The Paradigm of Wholeness
I have been thinking a lot lately about the concept of “wholeness.”
The Paradigm of Wholeness
I have been thinking a lot lately about the concept of “wholeness.” In my Christian upbringing, I was taught that the only way to be whole was through being forgiven, through Christ, for my sins. As a seven year old child, I wasn’t sure what my sins were, but I was sure that I wanted to be forgiven. And so, I asked Jesus to come into my heart.
The ministers in my faith tradition emphasized humankind’s sinfulness. I soon learned that I would always fall short, that I would always need forgiveness for something. I was never good enough, even though I had accepted Jesus. Even if I tried to be perfect, I was not good enough. So I became a prisoner of perfectionism.
I thought that if I just did everything right, I would be whole, and that the emptiness inside me would be filled. If I kept a perfect house, raised perfect children, had a picture-perfect marriage – then I would be whole. But of course, despite all my herculean efforts, the house was a wreck, the children were challenging, and my first marriage fell apart.
I was flawed, less than, and never enough. I was broken, not whole. I was a failure, and everything was my fault. My spiritual paradigm reinforced the concept of brokenness, not wholeness. It emphasized the fact that I would always fall short.

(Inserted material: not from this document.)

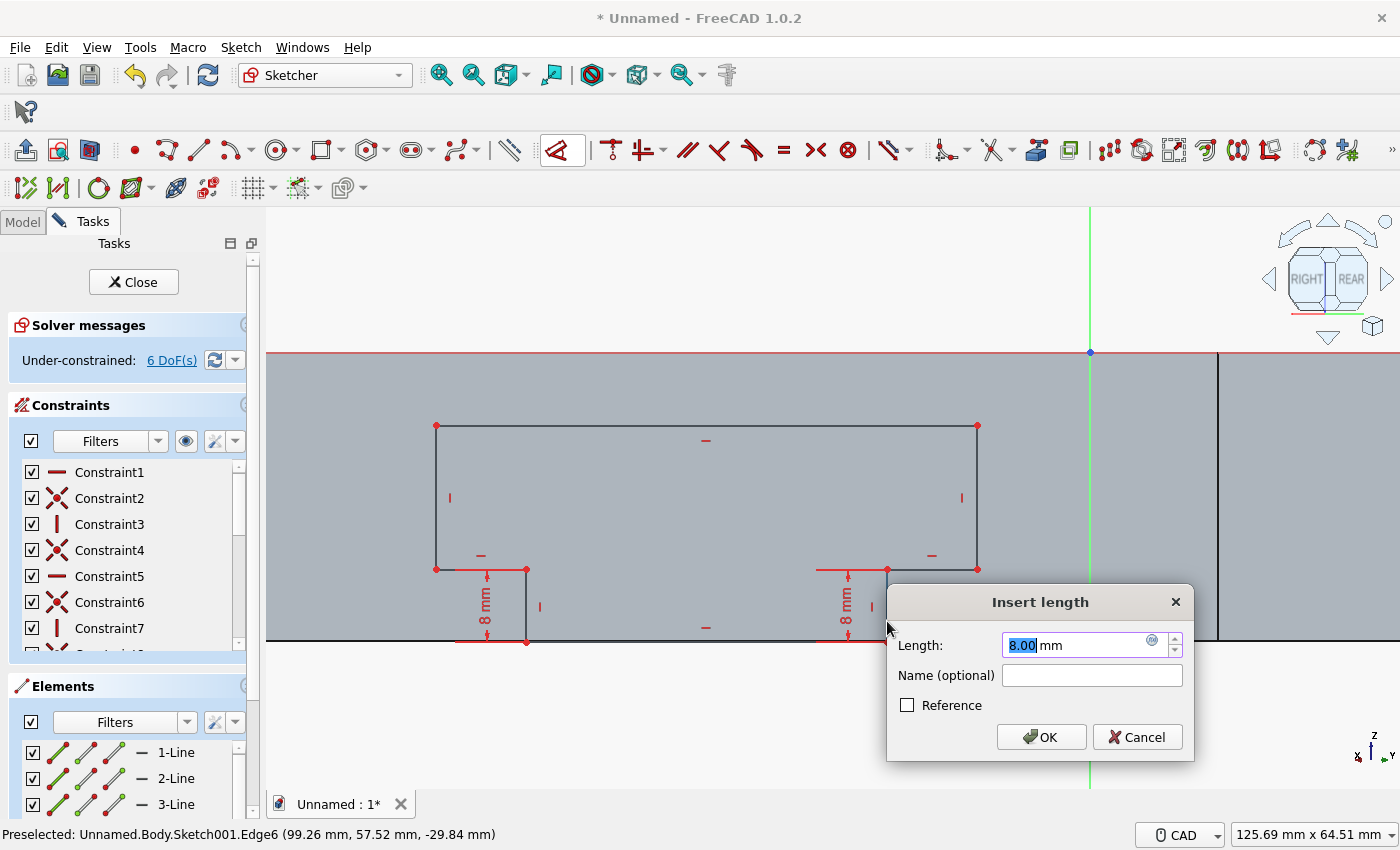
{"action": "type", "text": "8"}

It trapped me in a dualistic paradigm of either/or, good/bad, black/white. And it made me look outside of myself for salvation (wholeness).
I spent years looking for a path which leads to wholeness. As I began to open to the Sacred Feminine, I began to see that balance and wholeness come from accepting and loving all of myself. I began to move toward a new definition of spiritual wholeness that lead me away from that which is unattainable to something that already exists inside of myself.
Whole means complete, undivided, intact. What if I see myself, with all my flaws, quirks, and ugly parts as whole and unspoiled? What if I love myself for the unique person that I am? What if I don’t try to deny or suppress the parts of myself that I see as less than? What if I lovingly thank those parts of myself which try to protect me in ways that may not seem appropriate? What if I look inside of myself, not outside of myself, for the love and tenderness that I crave from others?
As I said in an earlier post, the Goddess calls us to embrace all of our humanity. If you look at the many aspects of the Goddess from cultures around the world, many of the Goddesses are rulers of both birth and death, light and dark. Fertility and fallowness. Gaia, Kali, Ishtar, Hel, Diana, the triple Goddess in all her forms – all these Goddesses manifest the full range of experiences and emotions in one being.
As humans then, all the conflicting and contradictory emotions that we feel every day comprise who we are as complete human beings. If I love and accept all of myself, then I am whole. I am not cut off from parts of myself. I am not fighting myself. I am not broken or flawed. I am free to live each moment. I become complete as a human being. I become who I was created to be.